The Indian government has amended the IBC several times. The Insolvency and Bankruptcy Code (Amendment) Ordinance of 2017 and the Insolvency and Bankruptcy Code (Second Amendment) Bill of 2019. The 2017 amendment addressed issues such as expanding the scope of insolvency, strengthening the insolvency resolution process, and increasing investor confidence. Other issues unresolved by this ordinance include job losses, operation creditors' voting rights in the committee of creditors, and public depositors' dues. As a result, the 2019 amendment focused on promoting entrepreneurship, amending laws relating to reorganisation and insolvency resolutions of corporations, firms, and individuals, balancing the interests of all shareholders, and reducing creditor abuse.
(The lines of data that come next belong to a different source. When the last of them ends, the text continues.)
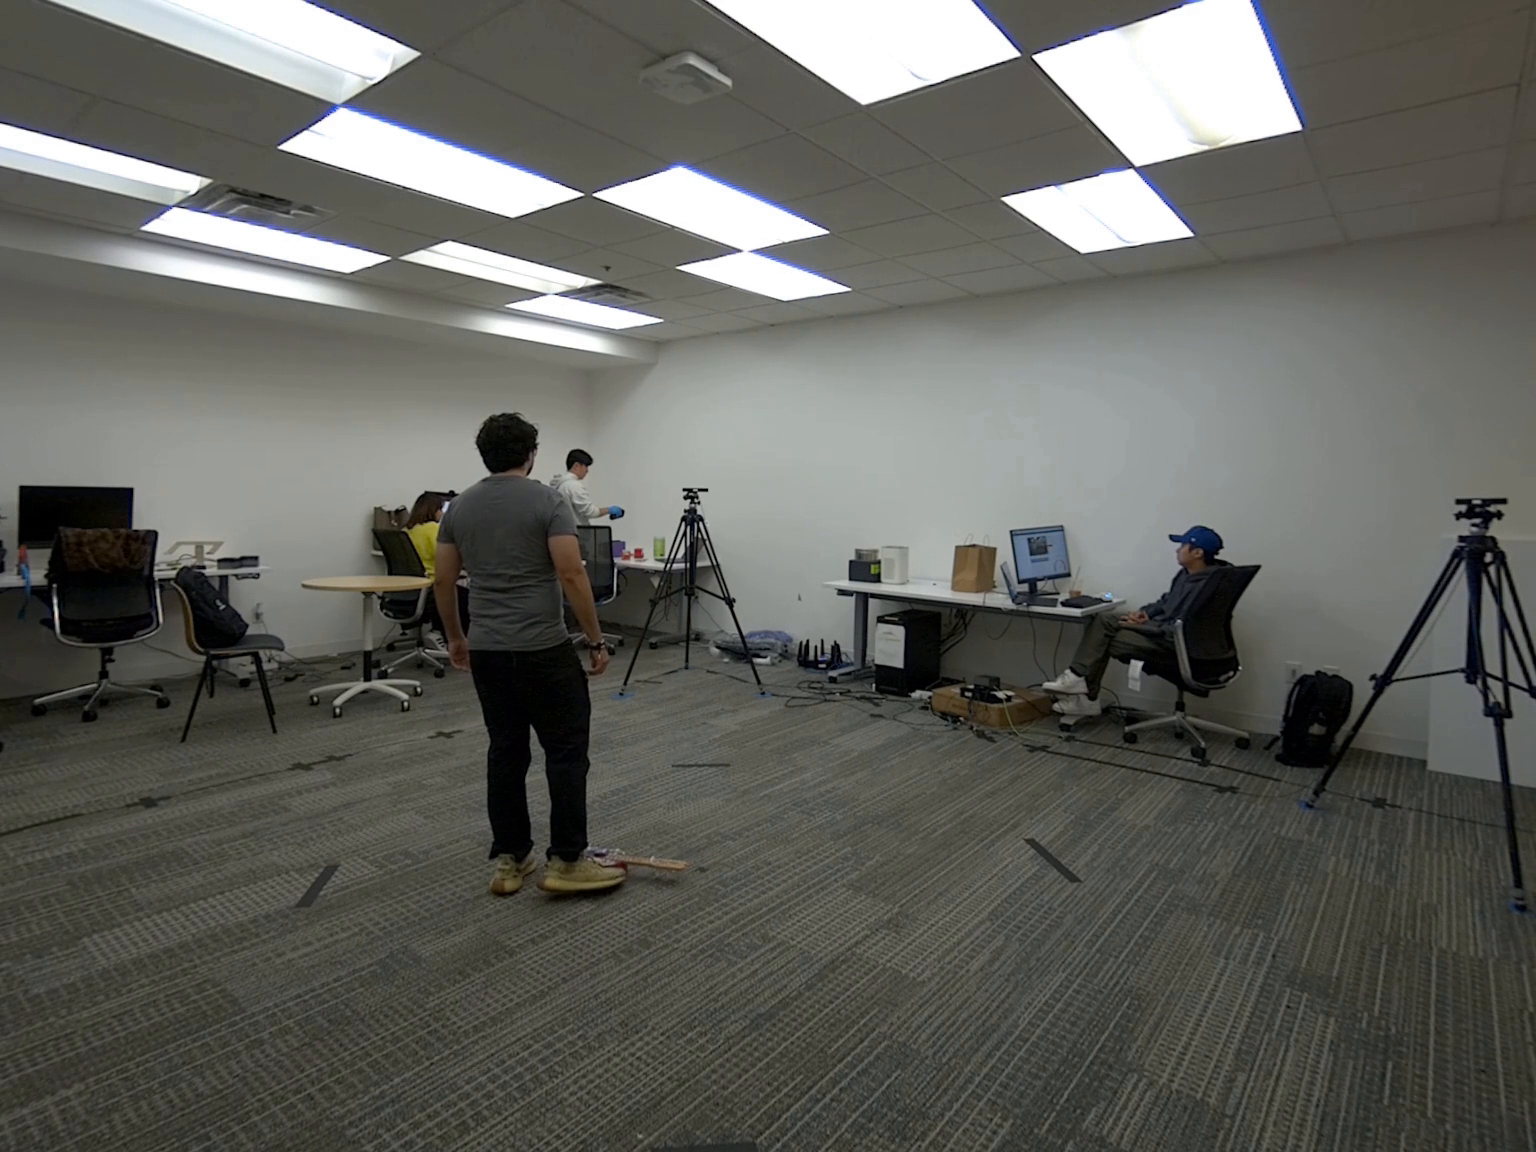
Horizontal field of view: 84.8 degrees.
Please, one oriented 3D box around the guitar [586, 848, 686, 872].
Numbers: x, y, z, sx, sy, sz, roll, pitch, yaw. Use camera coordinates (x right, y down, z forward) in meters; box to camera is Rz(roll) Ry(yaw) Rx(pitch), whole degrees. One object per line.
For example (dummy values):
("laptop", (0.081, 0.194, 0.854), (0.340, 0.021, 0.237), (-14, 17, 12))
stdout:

India's insolvency laws have long been a mystery. An indebtedness system has risen and fallen, each bringing little new with it. The IBC was a one-stop shop that used a planned income approach with tough columns to outperform the current debt system. The Code developed quickly and established its jurisprudence. However, the code required changes to keep up with global bankruptcy laws and allow India's economy to expand beyond national borders. The Code appeared to be over-driven, which was the root of all problems. It ignored legitimate residential issues such as occupations, non-institutionalized investors and creditors to consolidate the benefits of other countries' bankruptcy laws. The changes proposed in the 2019 amendment will greatly affect the professionals involved, but the proposed changes will have flaws.